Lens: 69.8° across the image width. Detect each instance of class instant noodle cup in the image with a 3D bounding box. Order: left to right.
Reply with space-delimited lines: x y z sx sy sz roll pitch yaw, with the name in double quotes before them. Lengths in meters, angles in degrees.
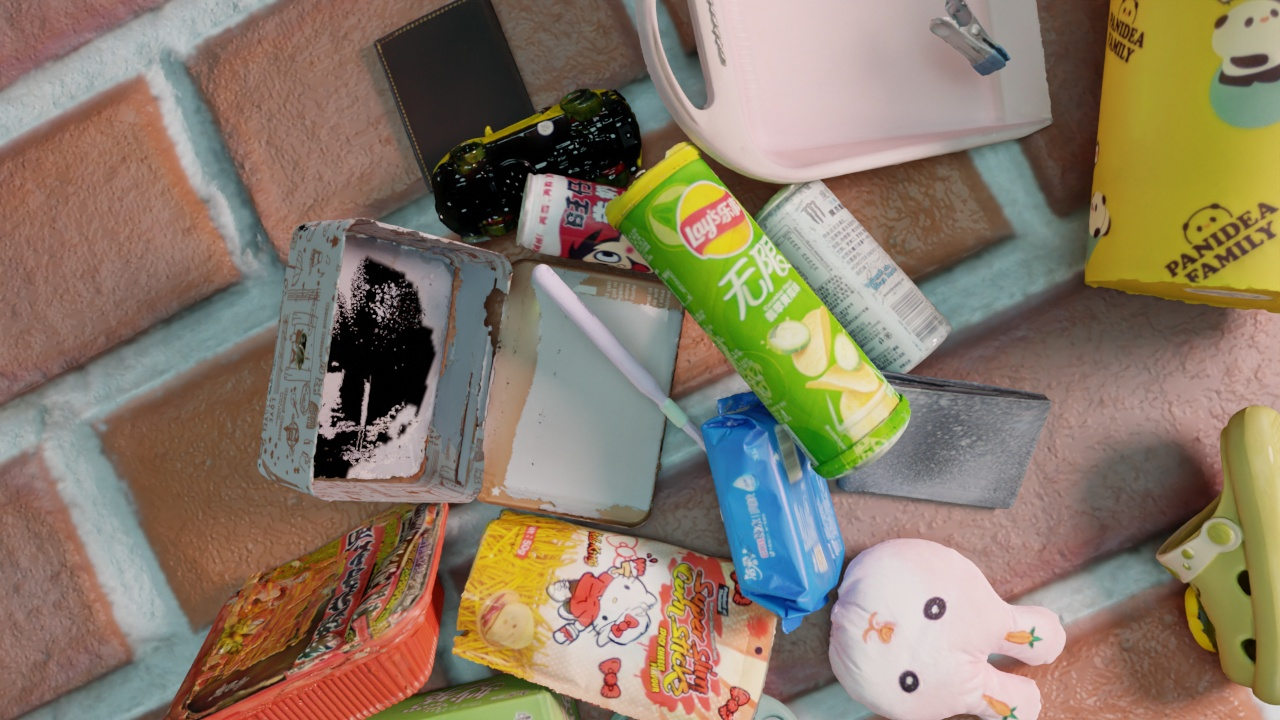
"instant noodle cup" -0.204 0.180 0.611 0.189 0.164 0.079 -26 110 4

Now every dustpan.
"dustpan" 0.138 -0.222 0.570 0.273 0.138 0.222 -15 101 8

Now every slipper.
"slipper" 0.384 0.122 0.594 0.082 0.091 0.190 -2 100 44

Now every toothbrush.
"toothbrush" -0.004 0.004 0.613 0.021 0.029 0.189 -35 113 25

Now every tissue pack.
"tissue pack" 0.088 0.095 0.608 0.052 0.094 0.157 -17 86 28

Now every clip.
"clip" 0.210 -0.204 0.585 0.057 0.025 0.029 41 77 -18

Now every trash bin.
"trash bin" 0.379 -0.159 0.531 0.230 0.229 0.255 8 95 5

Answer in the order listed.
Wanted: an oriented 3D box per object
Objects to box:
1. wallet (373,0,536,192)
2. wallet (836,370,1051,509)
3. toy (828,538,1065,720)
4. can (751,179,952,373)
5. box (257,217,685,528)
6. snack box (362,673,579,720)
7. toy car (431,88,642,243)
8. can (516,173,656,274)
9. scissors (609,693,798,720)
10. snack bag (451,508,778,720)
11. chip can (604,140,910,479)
"wallet" -0.134 -0.196 0.672 0.096 0.020 0.122 -22 87 8
"wallet" 0.200 0.055 0.613 0.121 0.019 0.097 7 126 5
"toy" 0.206 0.188 0.617 0.159 0.054 0.121 17 91 -3
"can" 0.142 -0.057 0.623 0.058 0.058 0.146 -41 85 3
"box" -0.109 0.013 0.629 0.273 0.124 0.179 9 89 -22
"snack box" -0.107 0.333 0.631 0.158 0.070 0.210 -14 88 5
"toy car" -0.073 -0.138 0.644 0.156 0.041 0.071 -23 123 2
"can" -0.015 -0.090 0.624 0.132 0.053 0.053 9 89 -11
"scissors" 0.059 0.255 0.625 0.179 0.019 0.172 26 75 12
"snack bag" -0.014 0.174 0.623 0.208 0.073 0.128 14 59 7
"chip can" 0.074 -0.028 0.564 0.072 0.072 0.221 -39 89 3
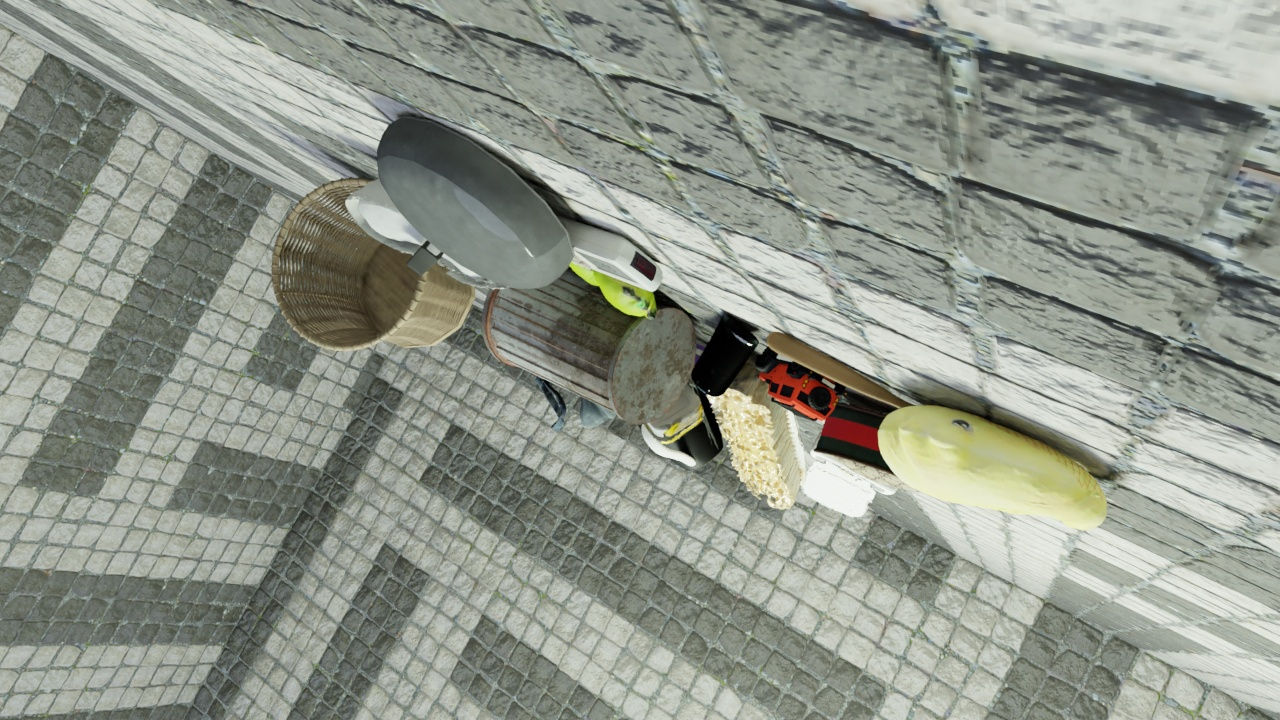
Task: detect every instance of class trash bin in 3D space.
[{"bbox_3d":[-0.061,-0.028,0.959,0.211,0.130,0.130,24,175,38],"label":"trash bin"}]

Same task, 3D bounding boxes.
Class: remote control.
[{"bbox_3d":[-0.044,-0.093,0.758,0.138,0.025,0.060,25,175,41],"label":"remote control"},{"bbox_3d":[0.076,-0.001,0.862,0.041,0.020,0.152,40,158,8],"label":"remote control"}]

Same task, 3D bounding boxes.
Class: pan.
[{"bbox_3d":[-0.172,-0.109,0.814,0.178,0.041,0.358,38,163,-16],"label":"pan"}]

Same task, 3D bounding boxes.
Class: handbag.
[{"bbox_3d":[0.252,0.093,0.864,0.167,0.063,0.138,16,173,44],"label":"handbag"}]

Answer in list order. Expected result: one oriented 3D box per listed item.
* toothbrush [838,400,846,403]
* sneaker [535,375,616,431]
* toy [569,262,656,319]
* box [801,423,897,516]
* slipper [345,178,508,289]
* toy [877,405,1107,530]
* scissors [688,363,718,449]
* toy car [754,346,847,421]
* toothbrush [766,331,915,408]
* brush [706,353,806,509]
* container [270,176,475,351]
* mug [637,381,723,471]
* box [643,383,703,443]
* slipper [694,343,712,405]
[{"bbox_3d":[0.215,0.055,0.928,0.155,0.016,0.022,28,133,4],"label":"toothbrush"},{"bbox_3d":[-0.115,-0.014,1.187,0.294,0.127,0.121,49,176,38],"label":"sneaker"},{"bbox_3d":[-0.027,-0.073,0.839,0.093,0.036,0.094,32,173,48],"label":"toy"},{"bbox_3d":[0.255,0.123,1.099,0.110,0.083,0.191,29,160,12],"label":"box"},{"bbox_3d":[-0.208,-0.138,0.960,0.247,0.074,0.112,25,167,34],"label":"slipper"},{"bbox_3d":[0.246,0.078,0.664,0.154,0.064,0.171,33,168,-35],"label":"toy"},{"bbox_3d":[0.057,0.023,0.987,0.169,0.012,0.132,62,165,13],"label":"scissors"},{"bbox_3d":[0.136,0.021,0.803,0.051,0.048,0.100,30,176,-20],"label":"toy car"},{"bbox_3d":[0.177,0.019,0.740,0.167,0.016,0.016,27,176,5],"label":"toothbrush"},{"bbox_3d":[0.138,0.085,1.037,0.083,0.056,0.271,23,155,28],"label":"brush"},{"bbox_3d":[-0.356,-0.119,1.276,0.227,0.227,0.196,27,-177,15],"label":"container"},{"bbox_3d":[0.041,0.080,1.050,0.100,0.085,0.118,55,-150,-7],"label":"mug"},{"bbox_3d":[-0.006,0.006,1.020,0.209,0.064,0.033,52,173,36],"label":"box"},{"bbox_3d":[0.068,0.031,1.140,0.267,0.084,0.107,26,175,36],"label":"slipper"}]
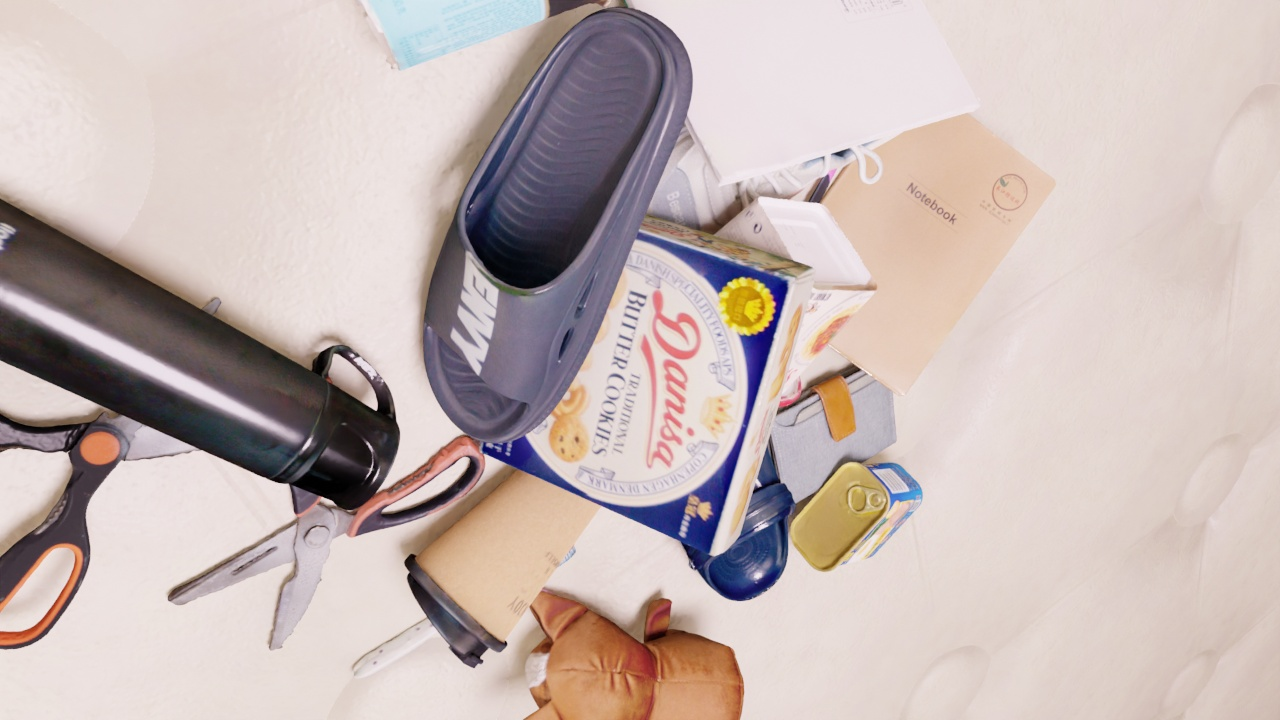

*-*-*

* Work item
One stretch of the lines above is wanted, from the line that contains "4. can (751,179,952,373)" through the line that contains "10. snack bag (451,508,778,720)". Output it exactly.

* Result for this exercise
4. can (751,179,952,373)
5. box (257,217,685,528)
6. snack box (362,673,579,720)
7. toy car (431,88,642,243)
8. can (516,173,656,274)
9. scissors (609,693,798,720)
10. snack bag (451,508,778,720)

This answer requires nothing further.